→ **TO DO**
Below are records; please write out exactly the lines from the first line through the line containing "doc.units = 0", with no pictures.

--

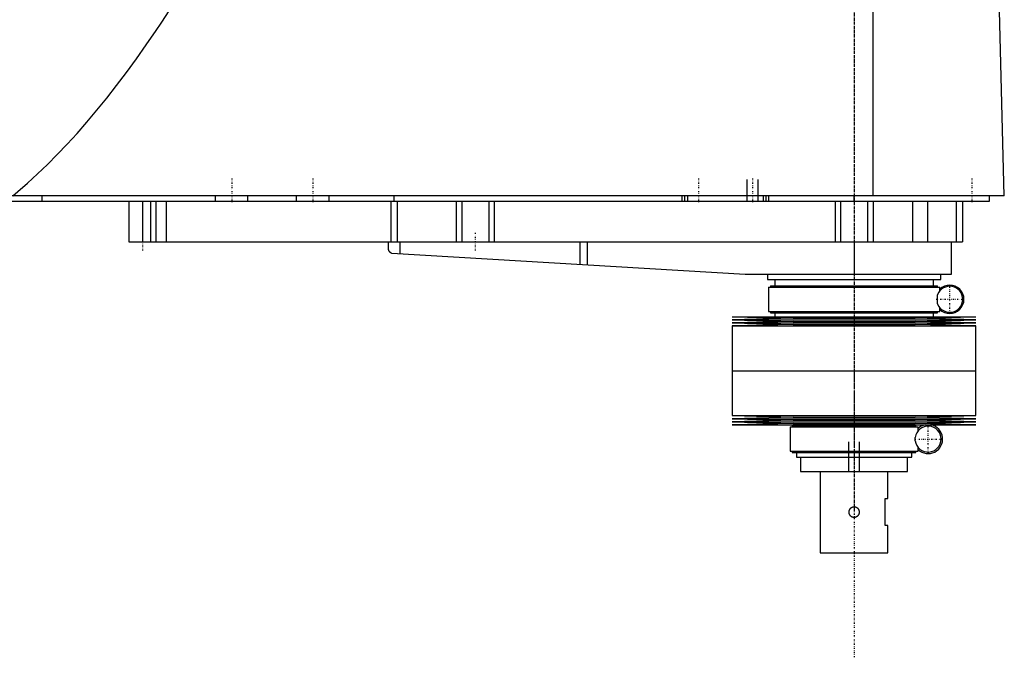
# Model space of a CAD drawing. Extents: x -181 to 906, y -1 to 1168.
# Tile 2 of 3: x 542 to 906, y 317 to 553. Entities that reach past the tile are written whole.
import ezdxf

# ---------------------------------------------------------------- set-up
doc = ezdxf.new("R2010")
doc.units = 0
doc.linetypes.add('CENTER', pattern=[1.5, 0.45, -0.5, 0.05, -0.5])
for name, color, linetype in [('AM_0', 7, 'CONTINUOUS'), ('AM_10', 7, 'CONTINUOUS'), ('AM_7', 7, 'CENTER')]:
    doc.layers.add(name, color=color, linetype=linetype)

msp = doc.modelspace()

# ---------------------------------------------------------------- linework, layer by layer
at = {"layer": 'AM_0', "color": 7, "linetype": 'CONTINUOUS'}
for p, q in [((857.01, 487.5), (857.01, 569.6)), ((905.5, 487.5), (903.45, 568.63)), ((905.5, 487.5), (328.96, 487.5)), ((360, 485.5), (900, 485.5)), ((550, 485.5), (550, 487.5)), ((582, 485.5), (582, 470.5)), ((587, 485.5), (587, 470.5)), ((590, 485.5), (590, 470.5)), ((592, 485.5), (592, 470.5)), ((595.84, 485.5), (595.84, 470.5)), ((614, 485.5), (614, 487.5)), ((626, 485.5), (626, 487.5)), ((644, 485.5), (644, 487.5)), ((656, 485.5), (656, 487.5)), ((678.85, 485.5), (678.85, 470.5)), ((680, 485.5), (680, 487.5)), ((681.18, 485.5), (681.18, 470.5)), ((703, 485.5), (703, 470.5)), ((705, 485.5), (705, 470.5)), ((715, 485.5), (715, 470.5)), ((717, 485.5), (717, 470.5)), ((786.5, 485.5), (786.5, 487.5)), ((787.5, 485.5), (787.5, 487.5)), ((788.5, 485.5), (788.5, 487.5)), ((816.5, 485.5), (816.5, 487.5)), ((817.5, 485.5), (817.5, 487.5)), ((818.5, 485.5), (818.5, 487.5)), ((843, 485.5), (843, 470.5)), ((845, 485.5), (845, 470.5)), ((850, 485.5), (850, 487.5)), ((855, 485.5), (855, 470.5)), ((857, 485.5), (857, 470.5)), ((871.56, 485.5), (871.56, 470.5)), ((877.09, 485.5), (877.09, 470.5)), ((887.69, 485.5), (887.69, 470.5)), ((890, 485.5), (890, 470.5)), ((900, 485.5), (900, 487.5)), ((582, 470.5), (890, 470.5)), ((677.8, 470.5), (677.8, 467.74)), ((682.14, 470.5), (682.14, 466.1)), ((748.68, 470.5), (748.68, 462.14)), ((751.33, 470.5), (751.33, 461.99)), ((850, 470.5), (850, 458.5)), ((886, 458.5), (886, 470.5)), ((679.14, 466.27), (809.7, 458.52)), ((810.3, 458.5), (886, 458.5)), ((818, 458.5), (818, 456.5)), ((882, 456.5), (882, 458.5)), ((818, 456.5), (882, 456.5)), ((820.65, 456.5), (820.65, 454.2)), ((879.35, 454.2), (879.35, 456.5)), ((818.35, 453.7), (818.35, 444.7)), ((818.35, 453.7), (881.65, 453.7)), ((819.15, 454.2), (819.15, 453.7)), ((819.15, 454.2), (880.85, 454.2)), ((880.85, 453.7), (880.85, 454.2)), ((881.65, 452.26), (881.65, 453.7)), ((880.87, 447.49), (880.87, 450.91)), ((818.35, 444.7), (881.65, 444.7)), ((819.15, 444.7), (819.15, 444.2)), ((819.15, 444.2), (880.85, 444.2)), ((820.65, 444.2), (820.65, 442.75)), ((879.35, 442.75), (879.35, 444.2)), ((880.85, 444.2), (880.85, 444.7)), ((881.65, 444.7), (881.65, 446.14)), ((805, 442.75), (827.5, 442.18)), ((805, 442.75), (895, 442.75)), ((827.5, 442.18), (805, 441.61)), ((805, 441.61), (827.5, 441.04)), ((805, 441.61), (895, 441.61)), ((827.5, 441.04), (805, 440.47)), ((805, 440.47), (827.5, 439.9)), ((805, 440.47), (895, 440.47)), ((827.5, 442.18), (872.5, 442.18)), ((827.5, 441.04), (872.5, 441.04)), ((872.5, 442.18), (895, 442.75)), ((895, 441.61), (872.5, 442.18)), ((872.5, 441.04), (895, 441.61)), ((895, 440.47), (872.5, 441.04)), ((872.5, 439.9), (895, 440.47)), ((827.5, 439.9), (805, 439.33)), ((805, 439.33), (805, 422.75)), ((805, 439.33), (895, 439.33)), ((827.5, 439.9), (872.5, 439.9)), ((895, 439.33), (872.5, 439.9)), ((895, 422.75), (895, 439.33)), ((805, 422.75), (895, 422.75)), ((805, 422.75), (805, 406.17)), ((805, 422.75), (895, 422.75)), ((895, 406.17), (895, 422.75)), ((805, 406.17), (827.5, 405.6)), ((805, 406.17), (895, 406.17)), ((827.5, 405.6), (805, 405.03)), ((805, 405.03), (827.5, 404.46)), ((805, 405.03), (895, 405.03)), ((827.5, 404.46), (805, 403.89)), ((805, 403.89), (827.5, 403.32)), ((805, 403.89), (895, 403.89)), ((827.5, 405.6), (872.5, 405.6)), ((827.5, 404.46), (872.5, 404.46)), ((872.5, 405.6), (895, 406.17)), ((895, 405.03), (872.5, 405.6)), ((872.5, 404.46), (895, 405.03)), ((895, 403.89), (872.5, 404.46)), ((872.5, 403.32), (895, 403.89)), ((827.5, 403.32), (805, 402.75)), ((805, 402.75), (895, 402.75)), ((826.35, 402), (826.35, 393)), ((826.35, 402), (873.65, 402)), ((827.15, 402.5), (827.15, 402)), ((827.15, 402.5), (872.85, 402.5)), ((827.5, 403.32), (872.5, 403.32)), ((828.65, 402.75), (828.65, 402.5)), ((871.35, 402.5), (871.35, 402.75)), ((895, 402.75), (872.5, 403.32)), ((872.85, 402), (872.85, 402.5)), ((873.65, 400.56), (873.65, 402)), ((872.59, 396.88), (872.59, 398.12)), ((826.35, 393), (873.65, 393)), ((827.15, 393), (827.15, 392.5)), ((872.85, 392.5), (872.85, 393)), ((873.65, 393), (873.65, 394.44)), ((827.15, 392.5), (872.85, 392.5)), ((828.65, 392.5), (828.65, 390.8)), ((828.65, 390.8), (871.35, 390.8)), ((830.25, 390.8), (830.25, 385.5)), ((869.75, 385.5), (869.75, 390.8)), ((871.35, 390.8), (871.35, 392.5)), ((830.25, 385.5), (869.75, 385.5)), ((837.5, 385.5), (837.5, 355.5)), ((862.5, 375.5), (862.5, 385.5)), ((861.5, 375.5), (862.5, 375.5)), ((861.5, 365.5), (861.5, 375.5)), ((862.5, 365.5), (861.5, 365.5)), ((862.5, 355.5), (862.5, 365.5)), ((837.5, 355.5), (862.5, 355.5))]:
    msp.add_line(p, q, dxfattribs=at)
for points in [[(539.11, 487.5, 0), (540.94, 489.03, 0), (544.59, 492.2, 0), (548.25, 495.54, 0), (550.07, 497.28, 0), (551.9, 499.05, 0), (555.56, 502.73, 0), (559.21, 506.57, 0), (562.86, 510.57, 0), (566.52, 514.75, 0), (570.17, 519.09, 0), (572, 521.32, 0), (573.83, 523.6, 0), (577.48, 528.27, 0), (581.13, 533.11, 0), (584.79, 538.12, 0), (588.44, 543.29, 0), (592.09, 548.63, 0), (593.92, 551.36, 0), (595.75, 554.13, 0), (599.4, 559.81, 0), (603.05, 565.65, 0), (604.88, 568.63, 0)], [(677.8, 467.74, 0), (677.8, 467.74, 0), (677.8, 467.73, 0), (677.8, 467.73, 0), (677.8, 467.73, 0), (677.8, 467.73, 0), (677.8, 467.72, 0), (677.8, 467.72, 0), (677.81, 467.71, 0), (677.81, 467.7, 0), (677.81, 467.69, 0), (677.81, 467.69, 0), (677.81, 467.68, 0), (677.82, 467.67, 0), (677.82, 467.66, 0), (677.82, 467.65, 0), (677.83, 467.64, 0), (677.83, 467.62, 0), (677.83, 467.62, 0), (677.83, 467.61, 0), (677.84, 467.6, 0), (677.84, 467.58, 0), (677.84, 467.58, 0), (677.86, 467.53, 0), (677.89, 467.44, 0), (677.93, 467.34, 0), (677.98, 467.24, 0), (678.04, 467.14, 0), (678.11, 467.04, 0), (678.14, 466.99, 0), (678.18, 466.94, 0), (678.26, 466.84, 0), (678.35, 466.75, 0), (678.45, 466.66, 0), (678.56, 466.57, 0), (678.67, 466.49, 0), (678.73, 466.46, 0), (678.8, 466.42, 0), (678.93, 466.36, 0), (679.07, 466.3, 0), (679.14, 466.27, 0)], [(850, 368.5, 0), (849.97, 368.5, 0), (849.92, 368.5, 0), (849.86, 368.51, 0), (849.84, 368.51, 0), (849.81, 368.51, 0), (849.75, 368.52, 0), (849.7, 368.53, 0), (849.64, 368.54, 0), (849.59, 368.55, 0), (849.53, 368.56, 0), (849.51, 368.57, 0), (849.48, 368.58, 0), (849.43, 368.6, 0), (849.37, 368.62, 0), (849.32, 368.64, 0), (849.27, 368.66, 0), (849.22, 368.69, 0), (849.19, 368.7, 0), (849.17, 368.71, 0), (849.12, 368.74, 0), (849.07, 368.77, 0), (849.04, 368.78, 0), (849.02, 368.8, 0), (848.97, 368.83, 0), (848.93, 368.87, 0), (848.91, 368.88, 0), (848.88, 368.9, 0), (848.84, 368.94, 0), (848.8, 368.97, 0), (848.76, 369.01, 0), (848.72, 369.05, 0), (848.68, 369.09, 0), (848.66, 369.11, 0), (848.65, 369.13, 0), (848.61, 369.17, 0), (848.58, 369.21, 0), (848.54, 369.26, 0), (848.51, 369.3, 0), (848.48, 369.35, 0), (848.46, 369.37, 0), (848.45, 369.4, 0), (848.42, 369.44, 0), (848.39, 369.49, 0), (848.37, 369.54, 0), (848.34, 369.6, 0), (848.32, 369.65, 0), (848.31, 369.67, 0), (848.29, 369.7, 0), (848.27, 369.75, 0), (848.25, 369.81, 0), (848.24, 369.86, 0), (848.22, 369.92, 0), (848.21, 369.97, 0), (848.2, 370, 0), (848.19, 370.03, 0), (848.18, 370.08, 0), (848.17, 370.14, 0), (848.16, 370.2, 0), (848.15, 370.25, 0), (848.15, 370.31, 0), (848.15, 370.34, 0), (848.14, 370.36, 0), (848.14, 370.42, 0), (848.14, 370.47, 0), (848.14, 370.5, 0), (848.14, 370.53, 0), (848.14, 370.58, 0), (848.14, 370.64, 0), (848.15, 370.66, 0), (848.15, 370.69, 0), (848.15, 370.75, 0), (848.16, 370.8, 0), (848.17, 370.86, 0), (848.18, 370.92, 0), (848.19, 370.97, 0), (848.2, 371, 0), (848.21, 371.03, 0), (848.22, 371.08, 0), (848.24, 371.14, 0), (848.25, 371.19, 0), (848.27, 371.25, 0), (848.29, 371.3, 0), (848.31, 371.33, 0), (848.32, 371.35, 0), (848.34, 371.4, 0), (848.37, 371.46, 0), (848.39, 371.51, 0), (848.42, 371.56, 0), (848.45, 371.6, 0), (848.46, 371.63, 0), (848.48, 371.65, 0), (848.51, 371.7, 0), (848.54, 371.74, 0), (848.58, 371.79, 0), (848.61, 371.83, 0), (848.65, 371.87, 0), (848.66, 371.89, 0), (848.68, 371.91, 0), (848.72, 371.95, 0), (848.76, 371.99, 0), (848.8, 372.03, 0), (848.84, 372.06, 0), (848.88, 372.1, 0), (848.91, 372.12, 0), (848.93, 372.13, 0), (848.97, 372.17, 0), (849.02, 372.2, 0), (849.04, 372.22, 0), (849.07, 372.23, 0), (849.12, 372.26, 0), (849.17, 372.29, 0), (849.19, 372.3, 0), (849.22, 372.31, 0), (849.27, 372.34, 0), (849.32, 372.36, 0), (849.37, 372.38, 0), (849.43, 372.4, 0), (849.48, 372.42, 0), (849.51, 372.43, 0), (849.53, 372.44, 0), (849.59, 372.45, 0), (849.64, 372.46, 0), (849.7, 372.47, 0), (849.75, 372.48, 0), (849.81, 372.49, 0), (849.84, 372.49, 0), (849.86, 372.49, 0), (849.92, 372.5, 0), (849.97, 372.5, 0), (850, 372.5, 0)], [(850, 372.5, 0), (850.03, 372.5, 0), (850.08, 372.5, 0), (850.14, 372.49, 0), (850.16, 372.49, 0), (850.19, 372.49, 0), (850.25, 372.48, 0), (850.3, 372.47, 0), (850.36, 372.46, 0), (850.41, 372.45, 0), (850.47, 372.44, 0), (850.49, 372.43, 0), (850.52, 372.42, 0), (850.57, 372.4, 0), (850.63, 372.38, 0), (850.68, 372.36, 0), (850.73, 372.34, 0), (850.78, 372.31, 0), (850.81, 372.3, 0), (850.83, 372.29, 0), (850.88, 372.26, 0), (850.93, 372.23, 0), (850.96, 372.22, 0), (850.98, 372.2, 0), (851.03, 372.17, 0), (851.07, 372.13, 0), (851.09, 372.12, 0), (851.12, 372.1, 0), (851.16, 372.06, 0), (851.2, 372.03, 0), (851.24, 371.99, 0), (851.28, 371.95, 0), (851.32, 371.91, 0), (851.34, 371.89, 0), (851.35, 371.87, 0), (851.39, 371.83, 0), (851.42, 371.79, 0), (851.46, 371.74, 0), (851.49, 371.7, 0), (851.52, 371.65, 0), (851.54, 371.63, 0), (851.55, 371.6, 0), (851.58, 371.56, 0), (851.61, 371.51, 0), (851.63, 371.46, 0), (851.66, 371.4, 0), (851.68, 371.35, 0), (851.69, 371.33, 0), (851.71, 371.3, 0), (851.73, 371.25, 0), (851.75, 371.19, 0), (851.76, 371.14, 0), (851.78, 371.08, 0), (851.79, 371.03, 0), (851.8, 371, 0), (851.81, 370.97, 0), (851.82, 370.91, 0), (851.83, 370.86, 0), (851.84, 370.8, 0), (851.85, 370.75, 0), (851.85, 370.69, 0), (851.85, 370.66, 0), (851.86, 370.64, 0), (851.86, 370.58, 0), (851.86, 370.53, 0), (851.86, 370.5, 0), (851.86, 370.47, 0), (851.86, 370.42, 0), (851.86, 370.36, 0), (851.85, 370.34, 0), (851.85, 370.31, 0), (851.85, 370.25, 0), (851.84, 370.2, 0), (851.83, 370.14, 0), (851.82, 370.08, 0), (851.81, 370.03, 0), (851.8, 370, 0), (851.79, 369.97, 0), (851.78, 369.92, 0), (851.76, 369.86, 0), (851.75, 369.81, 0), (851.73, 369.75, 0), (851.7, 369.7, 0), (851.69, 369.67, 0), (851.68, 369.65, 0), (851.66, 369.59, 0), (851.63, 369.54, 0), (851.61, 369.49, 0), (851.58, 369.44, 0), (851.55, 369.39, 0), (851.53, 369.37, 0), (851.52, 369.35, 0), (851.49, 369.3, 0), (851.46, 369.26, 0), (851.42, 369.21, 0), (851.39, 369.17, 0), (851.35, 369.13, 0), (851.34, 369.11, 0), (851.32, 369.09, 0), (851.28, 369.05, 0), (851.24, 369.01, 0), (851.2, 368.97, 0), (851.16, 368.94, 0), (851.11, 368.9, 0), (851.09, 368.88, 0), (851.07, 368.87, 0), (851.02, 368.83, 0), (850.98, 368.8, 0), (850.95, 368.78, 0), (850.93, 368.77, 0), (850.88, 368.74, 0), (850.83, 368.71, 0), (850.81, 368.7, 0), (850.78, 368.69, 0), (850.73, 368.66, 0), (850.68, 368.64, 0), (850.63, 368.62, 0), (850.57, 368.6, 0), (850.52, 368.58, 0), (850.49, 368.57, 0), (850.46, 368.56, 0), (850.41, 368.55, 0), (850.36, 368.54, 0), (850.3, 368.53, 0), (850.25, 368.52, 0), (850.19, 368.51, 0), (850.16, 368.51, 0), (850.14, 368.51, 0), (850.08, 368.5, 0), (850.03, 368.5, 0), (850, 368.5, 0)]]:
    msp.add_polyline3d(points, dxfattribs=at)
for centre, radius, start, end in [((810.3, 468.5), 10, 266.6, 270), ((885.35, 449.2), 4.8, 200.9129, 159.0871), ((885.35, 449.2), 5.25, 225.1897, 134.8103), ((877.35, 397.5), 4.8, 187.4315, 172.5685), ((877.35, 397.5), 5.38, 102.3808, 133.5014), ((877.35, 397.5), 5.37, 226.4986, 77.6192)]:
    msp.add_arc(centre, radius, start, end, dxfattribs=at)
at = {"layer": 'AM_10', "color": 7, "linetype": 'CONTINUOUS'}
for p, q in [((810.5, 485.5), (810.5, 493.5)), ((814.5, 485.5), (814.5, 493.5)), ((848, 385.5), (848, 396.5)), ((852, 385.5), (852, 396.5))]:
    msp.add_line(p, q, dxfattribs=at)
at = {"layer": 'AM_7', "color": 4, "linetype": 'CENTER'}
for p, q in [((850, 1168.2), (850, 316.8)), ((850, 700.5), (850, 370.5)), ((620, 493.9), (620, 485.1)), ((650, 493.9), (650, 485.1)), ((792.5, 493.9), (792.5, 485.1)), ((812.5, 493.9), (812.5, 485.1)), ((893.5, 493.9), (893.5, 485.1)), ((587, 473.8), (587, 467.2)), ((710, 473.8), (710, 467.2)), ((850, 458.19), (850, 421.06)), ((885.35, 444.16), (885.35, 454.24)), ((880.31, 449.2), (890.39, 449.2)), ((850, 424.35), (850, 389.2)), ((877.35, 392.46), (877.35, 402.54)), ((872.31, 397.5), (882.39, 397.5))]:
    msp.add_line(p, q, dxfattribs=at)

doc.saveas('drawing.dxf')

--

→ **WRITTEN REPLY**
# Model space of a CAD drawing. Extents: x -181 to 906, y -1 to 1168.
# Tile 2 of 3: x 542 to 906, y 317 to 553. Entities that reach past the tile are written whole.
import ezdxf

# ---------------------------------------------------------------- set-up
doc = ezdxf.new("R2010")
doc.units = 0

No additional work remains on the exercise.